The Times reports on the latest round of academic hysteria concerning ID, with a report that 'Compulsory lectures in intelligent design and creationism are going to be included in second-year courses for zoology and genetics undergraduates at Leeds University' - despite the fact that these are to be strictly attempts to discredit these alternative theories (which, if experience is anything to go by, will probably mean that they will attack straw men with a fist-full of fallacies).
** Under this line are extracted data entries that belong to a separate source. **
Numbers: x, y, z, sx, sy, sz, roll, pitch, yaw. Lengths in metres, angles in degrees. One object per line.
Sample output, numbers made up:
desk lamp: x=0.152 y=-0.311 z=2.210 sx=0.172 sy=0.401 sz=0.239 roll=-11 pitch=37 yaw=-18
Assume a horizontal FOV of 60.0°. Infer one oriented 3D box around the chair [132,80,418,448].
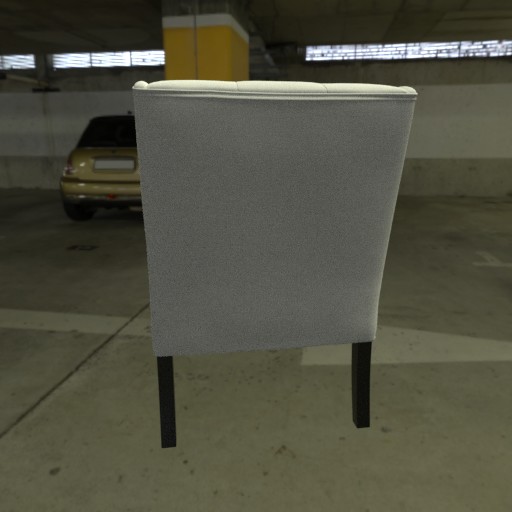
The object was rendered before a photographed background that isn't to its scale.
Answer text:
chair: x=0.000 y=0.000 z=1.252 sx=0.569 sy=0.853 sz=0.676 roll=-2 pitch=14 yaw=-9

Why is it that 'Despite the clear anti- creationist stance of these lecturers, the move has set warning bells ringing across the UK science community.'? Because: '"It would be undesirable for universities to spend a lot of precious resources teaching students that creationism and intelligent design are not based on scientific evidence,” says David Read, the vice- president of the Royal Society.' You can see the dilemma - ignore ID and creationism on the basis that they don't merit serious engagement, despite the fact the 1 in 10 science students don't believe in evolution (according to a study carried out by Professor Roger Downie, of the University of Glasgow), or spend time trying to refute them, thereby giving these views more publicity (albeit bad publicity) and a foot in the door as legitimate topics of intellectual discussion. Leeds University has taken the latter option. Professor Steve Fuller has some encouraging words: “The scientific establishment prevents dissenting views,” says Professor Steve Fuller, Professor of Sociology at the University of Warwick. “I have a lot of respect for those who have true scientific credentials and are upfront about their views.” Commenting on the study concerning a tenth of science students not believing in evolution, Professor Downie said: “This gives a very poor prognosis for their understanding of what science is and their ability to be scientists”. From a philosophical perspective, I'd actually say this may give a rather good prognosis for these student's understanding of science and their ability to be scientists! Seeing this sort of hysteria in academia, it doesn't take a great leap of imagination to imagine a day when science students are required to sign a statement of faith in methodological naturalism as an essential ground rule of scientific theorising before they can be accepted onto a course...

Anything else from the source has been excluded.